Mental toughness is developed every day in practice and during weight training and conditioning throughout the year. Of course all teams practice and lift weights but the difference between average teams and championship teams is the ability to work through pain. Whether weight lifting or practicing in hot, humid conditions, you have to get to the point of pain because it doesn't do any good in developing mental toughness until you get to the point of pain. The whole idea in developing mental toughness is when you are in competition with someone else and you hit the pain barrier, you should welcome it because that means your opponent is experiencing pain and to the degree that you are better able to work right through the pain than they can enables you to defeat them.

In 1972, both Bowling Green and Miami might have been more talented than Kent State but the Flashes had more mental toughness which was the deciding factor in winning the conference championship.

The margin of defeat in Kent's six MAC setbacks last season was 10 points or less.
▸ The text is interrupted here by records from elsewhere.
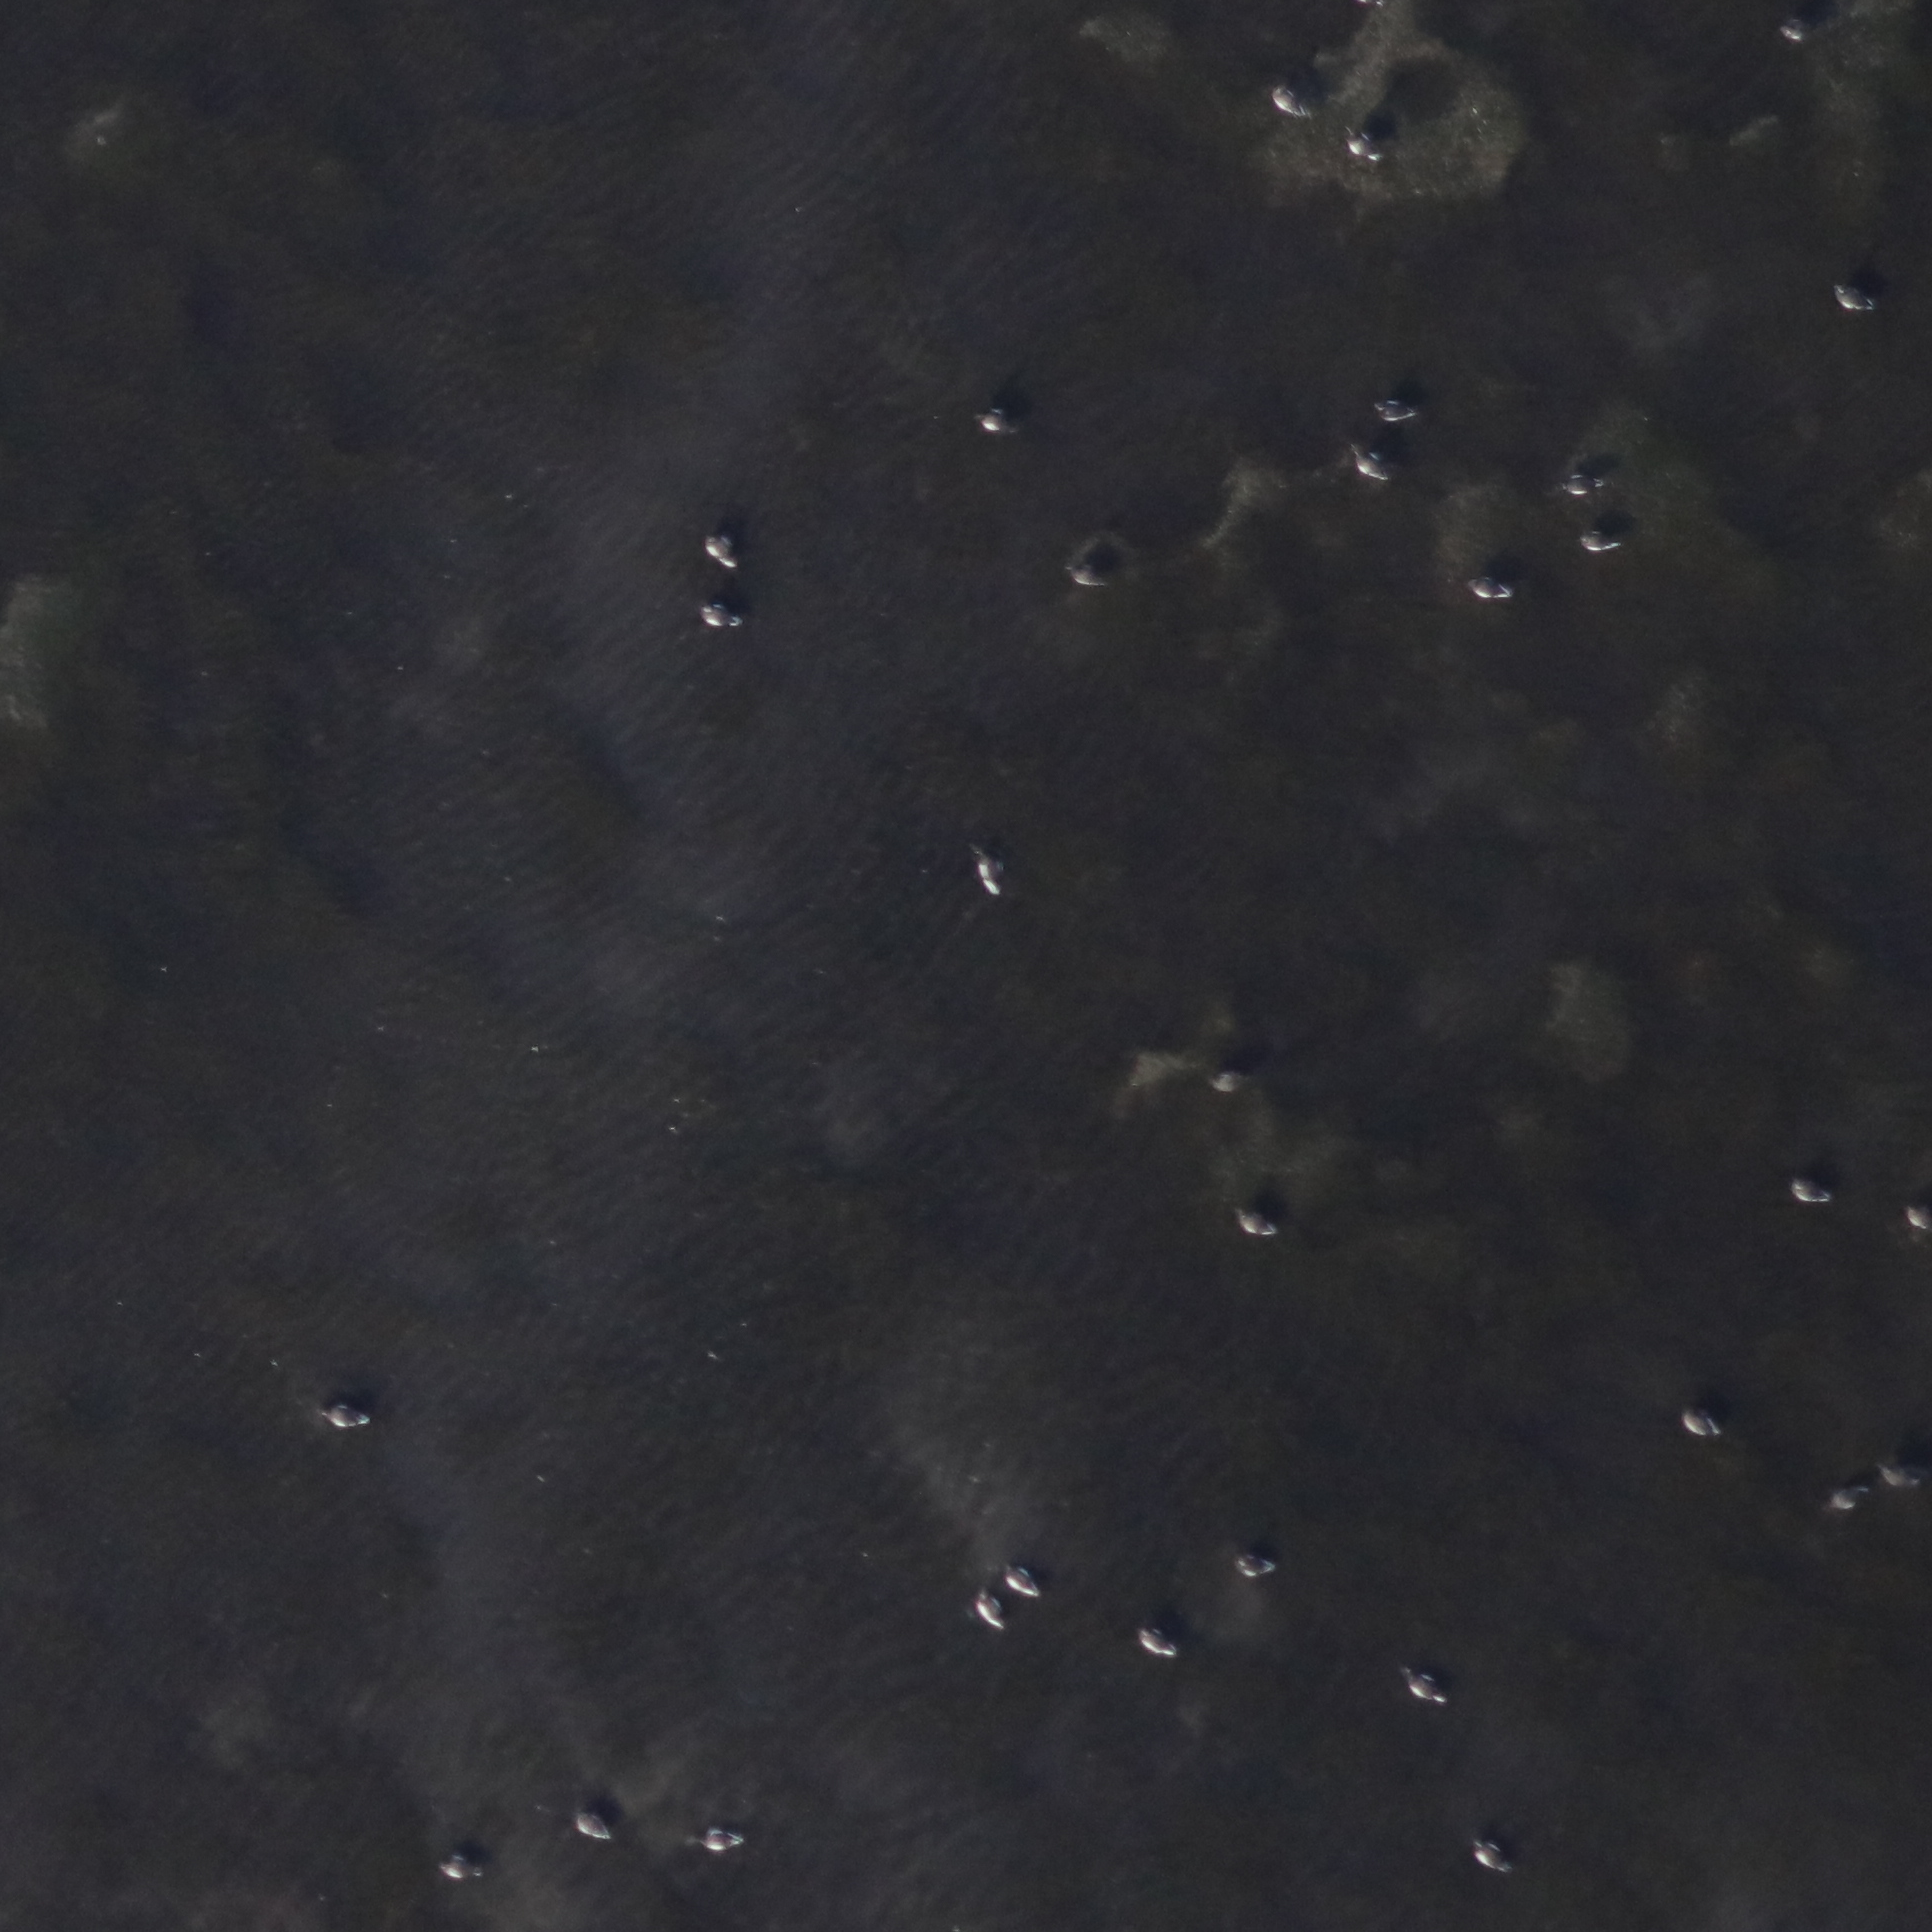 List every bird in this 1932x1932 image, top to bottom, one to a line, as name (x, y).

brant (1793, 24)
brant (1286, 102)
brant (1363, 144)
brant (1854, 297)
brant (1393, 409)
brant (995, 418)
brant (1369, 464)
brant (1578, 482)
brant (1591, 543)
brant (723, 548)
brant (1080, 576)
brant (1486, 585)
brant (719, 615)
brant (991, 869)
brant (1236, 1077)
brant (1808, 1189)
brant (1922, 1219)
brant (1254, 1221)
brant (342, 1415)
brant (1698, 1418)
brant (1904, 1476)
brant (1851, 1495)
brant (1254, 1565)
brant (1020, 1578)
brant (987, 1614)
brant (1157, 1639)
brant (1423, 1687)
brant (590, 1823)
brant (717, 1839)
brant (1490, 1856)
brant (459, 1866)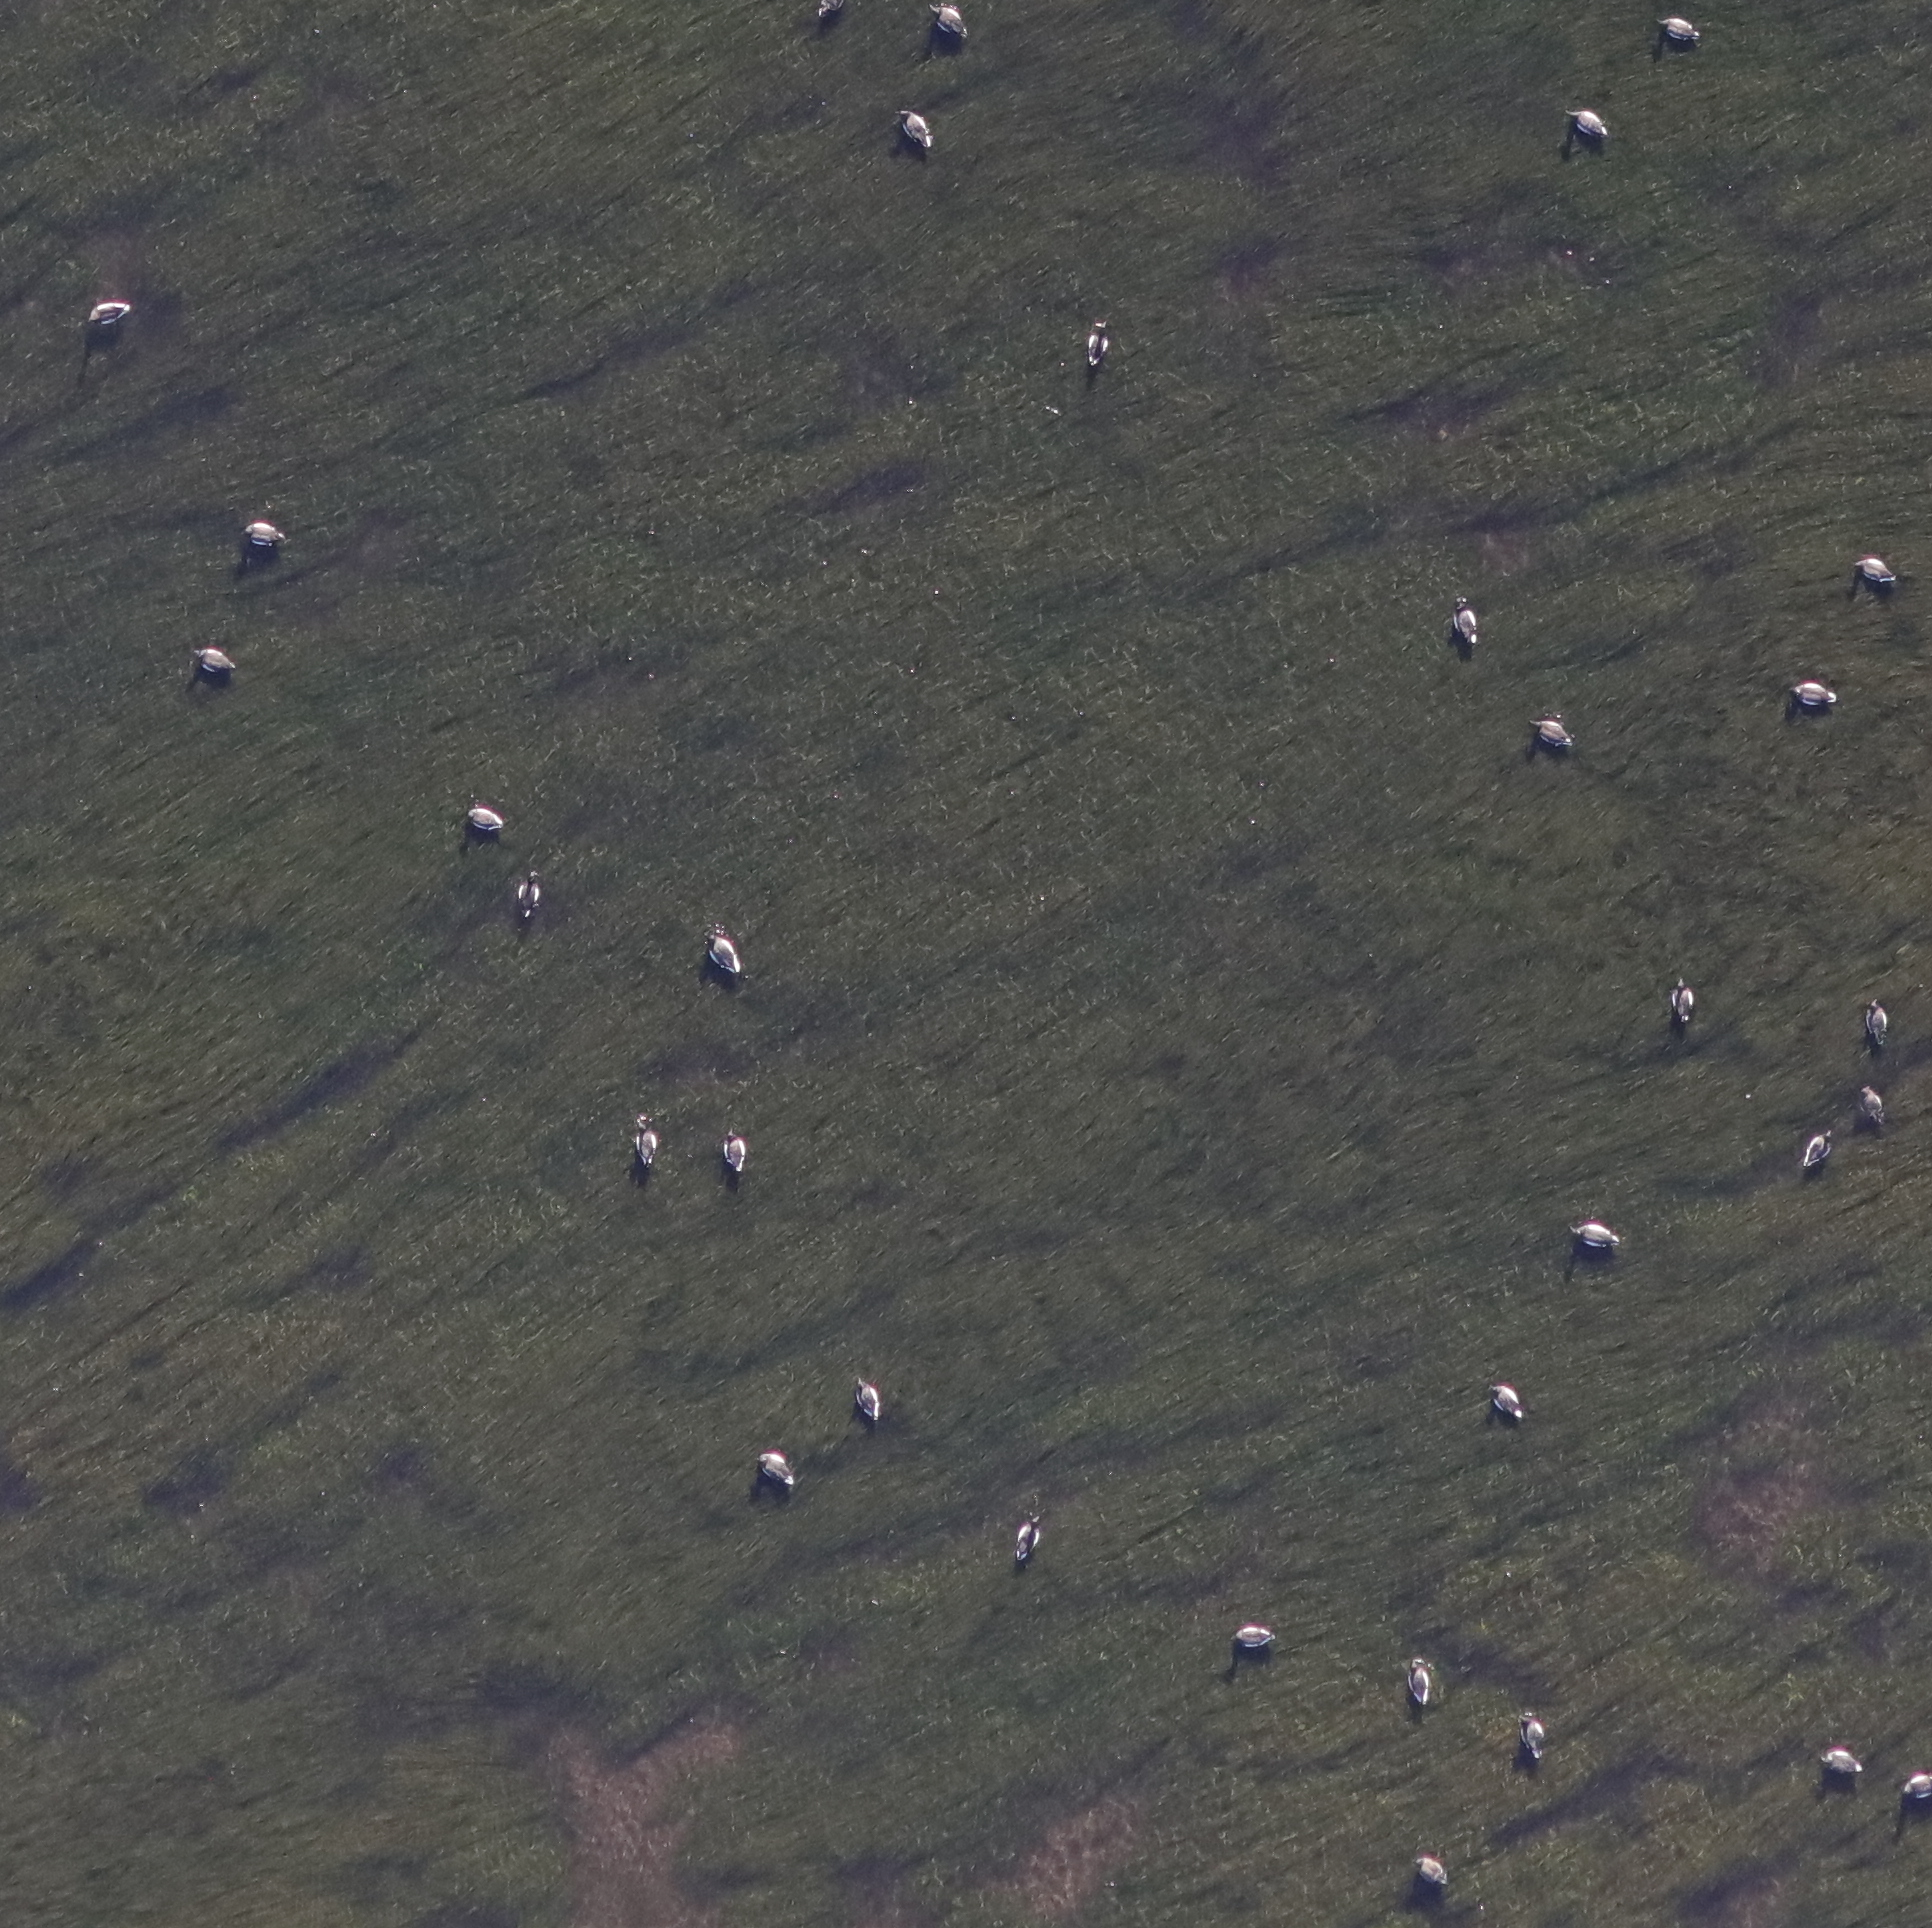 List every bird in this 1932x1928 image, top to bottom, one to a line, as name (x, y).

The Golden Flashes were in position to tie or take the lead in all of those games in the fourth quarter.

"We know how close we were in a lot of games,'' senior defensive lineman Nate Terhune said at MAC Media Day last week. "This year, we have to finish."

With fall football camp beginning this week, how well the Flashes finish games this season may come down to the team's ability to work through pain during adversity. If last year's 27-24 season-ending victory over arch-rival Akron is any indication of the team's developing mental toughness, expect to see a more competitive team this year despite its last place MAC East finish in the Mid-American Conference football media poll.